Requirement: Instruction for the entries below: return the part that opens with the line containing "Document page, 1654x1241 pixels." and closes with the line containing "list The username/group", exactly, and no pictures.

Material for the task:
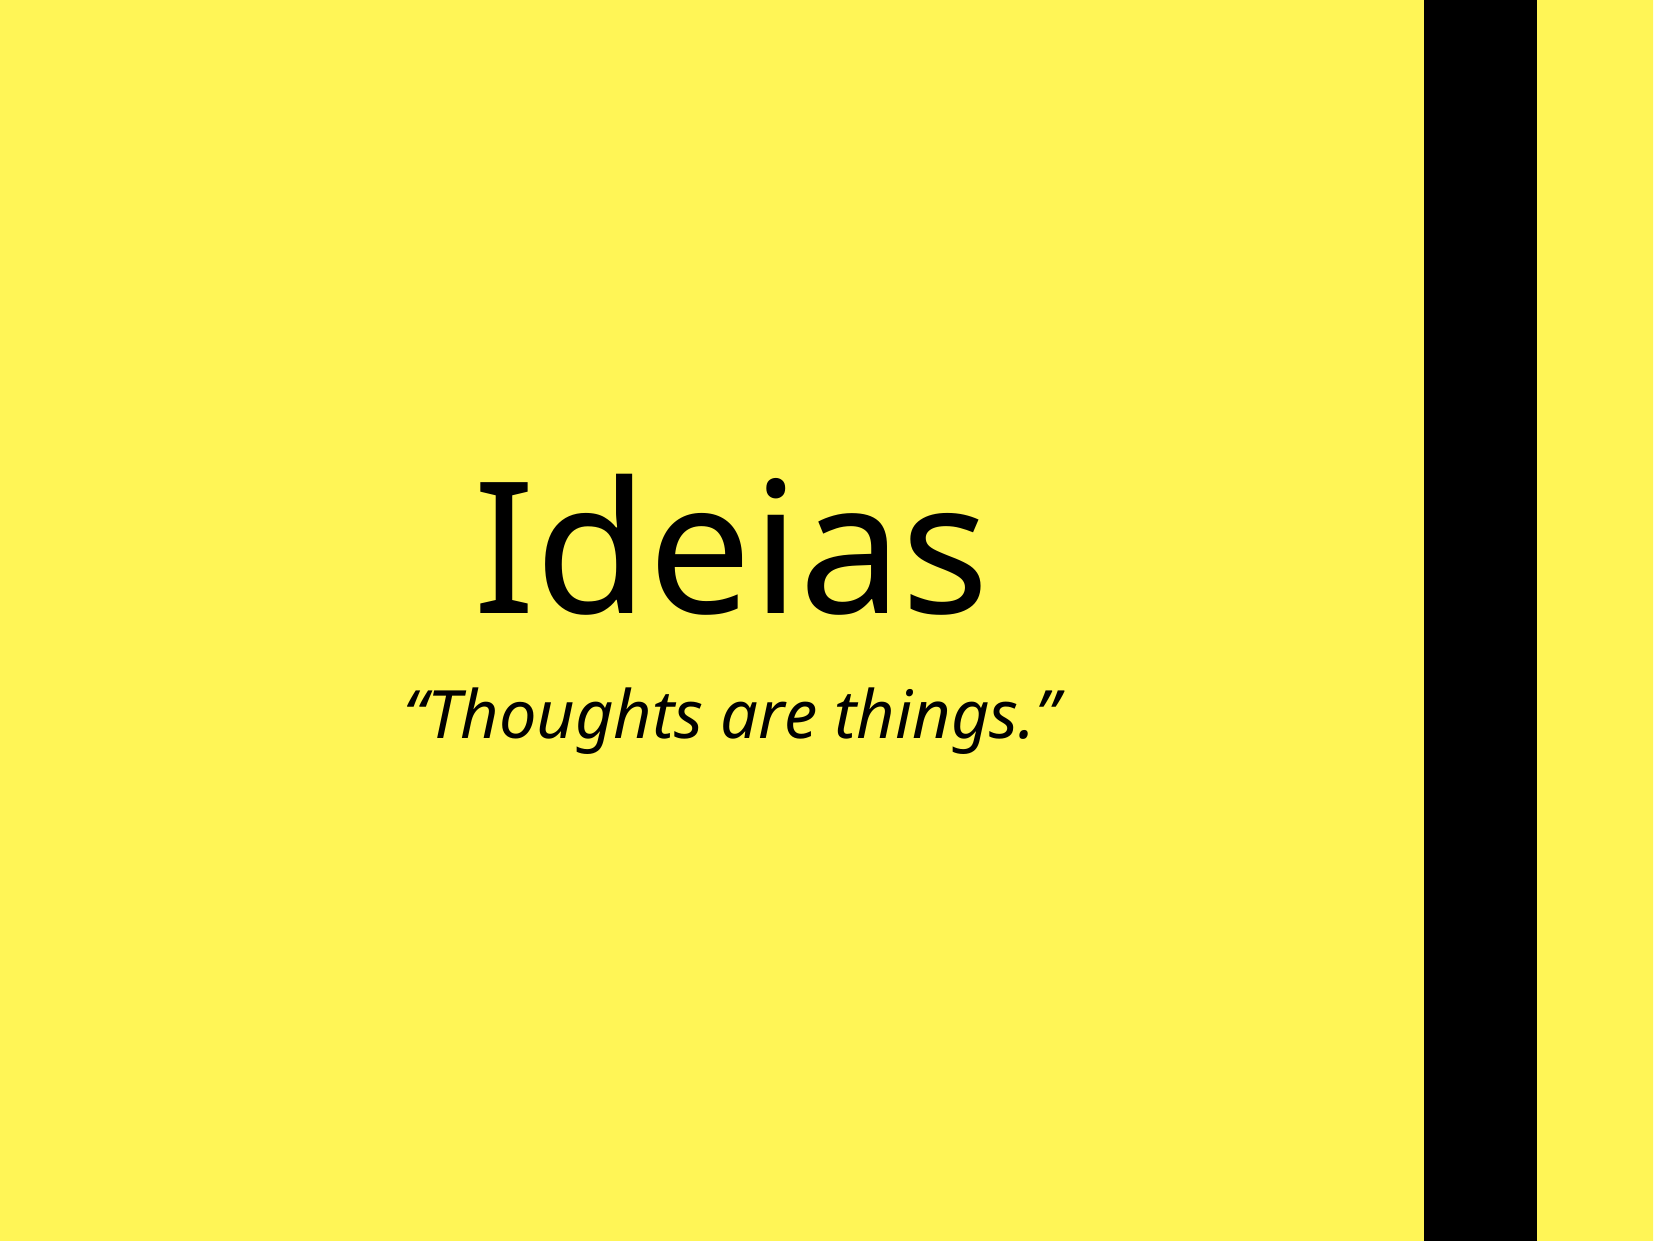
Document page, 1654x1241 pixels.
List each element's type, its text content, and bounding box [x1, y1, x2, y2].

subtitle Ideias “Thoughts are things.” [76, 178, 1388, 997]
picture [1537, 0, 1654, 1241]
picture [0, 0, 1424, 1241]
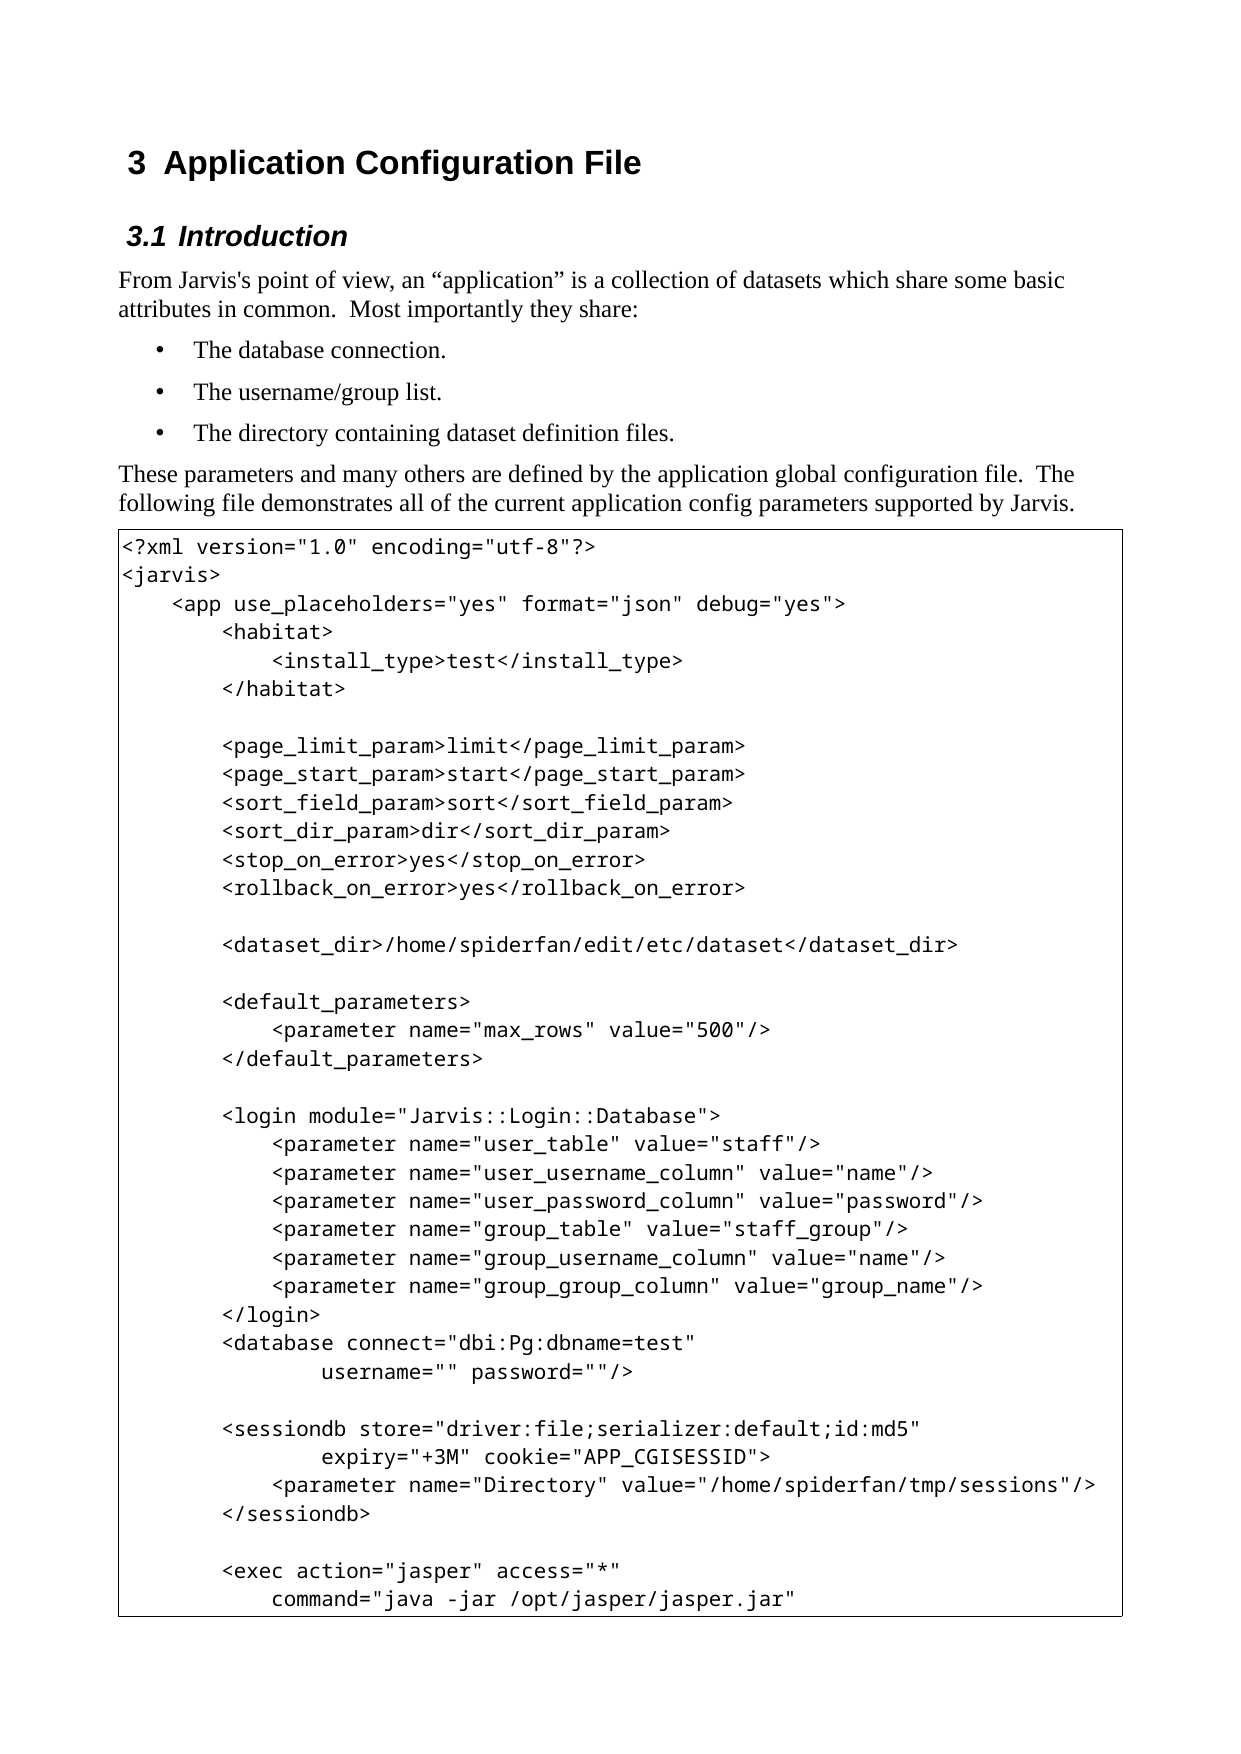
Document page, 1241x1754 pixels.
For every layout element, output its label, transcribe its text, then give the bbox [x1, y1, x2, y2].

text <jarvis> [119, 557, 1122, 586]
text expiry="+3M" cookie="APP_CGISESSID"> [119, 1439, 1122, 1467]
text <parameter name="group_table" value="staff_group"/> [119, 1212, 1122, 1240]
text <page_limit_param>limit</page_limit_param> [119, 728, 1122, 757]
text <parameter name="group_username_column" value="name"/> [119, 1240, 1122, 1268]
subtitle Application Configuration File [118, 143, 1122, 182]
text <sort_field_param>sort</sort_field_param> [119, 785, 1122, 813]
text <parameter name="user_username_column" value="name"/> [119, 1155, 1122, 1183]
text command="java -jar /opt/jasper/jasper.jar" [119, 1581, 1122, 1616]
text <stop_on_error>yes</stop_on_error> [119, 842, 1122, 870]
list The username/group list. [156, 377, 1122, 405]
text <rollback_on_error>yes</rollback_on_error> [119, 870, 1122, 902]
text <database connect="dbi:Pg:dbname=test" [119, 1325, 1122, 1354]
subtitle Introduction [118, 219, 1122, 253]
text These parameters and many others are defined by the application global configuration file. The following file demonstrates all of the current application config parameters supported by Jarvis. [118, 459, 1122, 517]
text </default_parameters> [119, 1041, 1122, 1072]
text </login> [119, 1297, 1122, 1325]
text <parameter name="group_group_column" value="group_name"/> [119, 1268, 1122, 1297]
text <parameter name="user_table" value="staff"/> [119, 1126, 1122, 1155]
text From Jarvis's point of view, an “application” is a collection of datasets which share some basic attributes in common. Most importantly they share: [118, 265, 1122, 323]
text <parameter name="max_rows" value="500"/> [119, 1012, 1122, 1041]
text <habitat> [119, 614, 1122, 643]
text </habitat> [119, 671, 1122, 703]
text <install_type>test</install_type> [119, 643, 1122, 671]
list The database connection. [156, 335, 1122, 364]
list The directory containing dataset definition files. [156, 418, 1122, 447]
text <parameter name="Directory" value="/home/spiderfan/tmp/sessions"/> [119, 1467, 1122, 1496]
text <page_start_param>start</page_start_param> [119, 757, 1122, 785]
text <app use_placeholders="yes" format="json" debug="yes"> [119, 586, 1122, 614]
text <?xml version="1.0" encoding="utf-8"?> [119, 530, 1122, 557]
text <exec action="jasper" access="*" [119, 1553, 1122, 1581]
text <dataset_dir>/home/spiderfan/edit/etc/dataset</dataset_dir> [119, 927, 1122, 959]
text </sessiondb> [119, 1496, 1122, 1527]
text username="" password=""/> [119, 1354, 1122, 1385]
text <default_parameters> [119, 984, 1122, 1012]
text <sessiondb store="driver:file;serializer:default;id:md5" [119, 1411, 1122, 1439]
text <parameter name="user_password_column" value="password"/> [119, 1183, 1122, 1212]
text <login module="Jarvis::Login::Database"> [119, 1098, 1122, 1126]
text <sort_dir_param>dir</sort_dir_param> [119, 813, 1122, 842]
--
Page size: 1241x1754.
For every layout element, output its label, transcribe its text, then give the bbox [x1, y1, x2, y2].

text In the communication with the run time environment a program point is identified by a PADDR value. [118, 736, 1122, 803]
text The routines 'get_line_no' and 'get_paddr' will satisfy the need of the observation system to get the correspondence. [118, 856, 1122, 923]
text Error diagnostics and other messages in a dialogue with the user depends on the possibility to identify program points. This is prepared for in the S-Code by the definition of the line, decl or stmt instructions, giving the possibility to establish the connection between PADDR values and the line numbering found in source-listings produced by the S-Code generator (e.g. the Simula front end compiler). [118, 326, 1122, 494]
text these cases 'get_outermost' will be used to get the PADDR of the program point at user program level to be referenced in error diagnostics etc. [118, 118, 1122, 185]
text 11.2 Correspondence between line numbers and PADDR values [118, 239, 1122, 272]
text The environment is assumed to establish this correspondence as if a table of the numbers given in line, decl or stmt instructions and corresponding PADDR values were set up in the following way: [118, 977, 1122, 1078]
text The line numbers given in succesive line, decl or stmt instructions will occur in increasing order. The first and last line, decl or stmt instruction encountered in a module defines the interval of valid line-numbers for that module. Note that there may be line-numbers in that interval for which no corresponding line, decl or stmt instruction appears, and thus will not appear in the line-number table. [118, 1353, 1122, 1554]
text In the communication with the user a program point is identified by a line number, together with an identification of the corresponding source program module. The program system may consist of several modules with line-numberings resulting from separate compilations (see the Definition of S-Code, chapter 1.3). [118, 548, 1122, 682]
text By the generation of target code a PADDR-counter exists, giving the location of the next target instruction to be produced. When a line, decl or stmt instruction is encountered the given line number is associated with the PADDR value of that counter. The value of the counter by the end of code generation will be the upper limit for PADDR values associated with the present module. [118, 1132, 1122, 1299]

Task response:
Document page, 1654x1241 pixels.
List each element's type, its text content, and bounding box [x1, y1, x2, y2].

subtitle Ideias “Thoughts are things.” [76, 178, 1388, 997]
picture [1537, 0, 1654, 1241]
picture [0, 0, 1424, 1241]
Document page, 1241x1754 pixels.
For every layout element, output its label, transcribe its text, then give the bbox [x1, y1, x2, y2].

text <jarvis> [119, 557, 1122, 586]
text expiry="+3M" cookie="APP_CGISESSID"> [119, 1439, 1122, 1467]
text <parameter name="group_table" value="staff_group"/> [119, 1212, 1122, 1240]
text <page_limit_param>limit</page_limit_param> [119, 728, 1122, 757]
text <parameter name="group_username_column" value="name"/> [119, 1240, 1122, 1268]
subtitle Application Configuration File [118, 143, 1122, 182]
text <sort_field_param>sort</sort_field_param> [119, 785, 1122, 813]
text <parameter name="user_username_column" value="name"/> [119, 1155, 1122, 1183]
text command="java -jar /opt/jasper/jasper.jar" [119, 1581, 1122, 1616]
text <stop_on_error>yes</stop_on_error> [119, 842, 1122, 870]
list The username/group list. [156, 377, 1122, 405]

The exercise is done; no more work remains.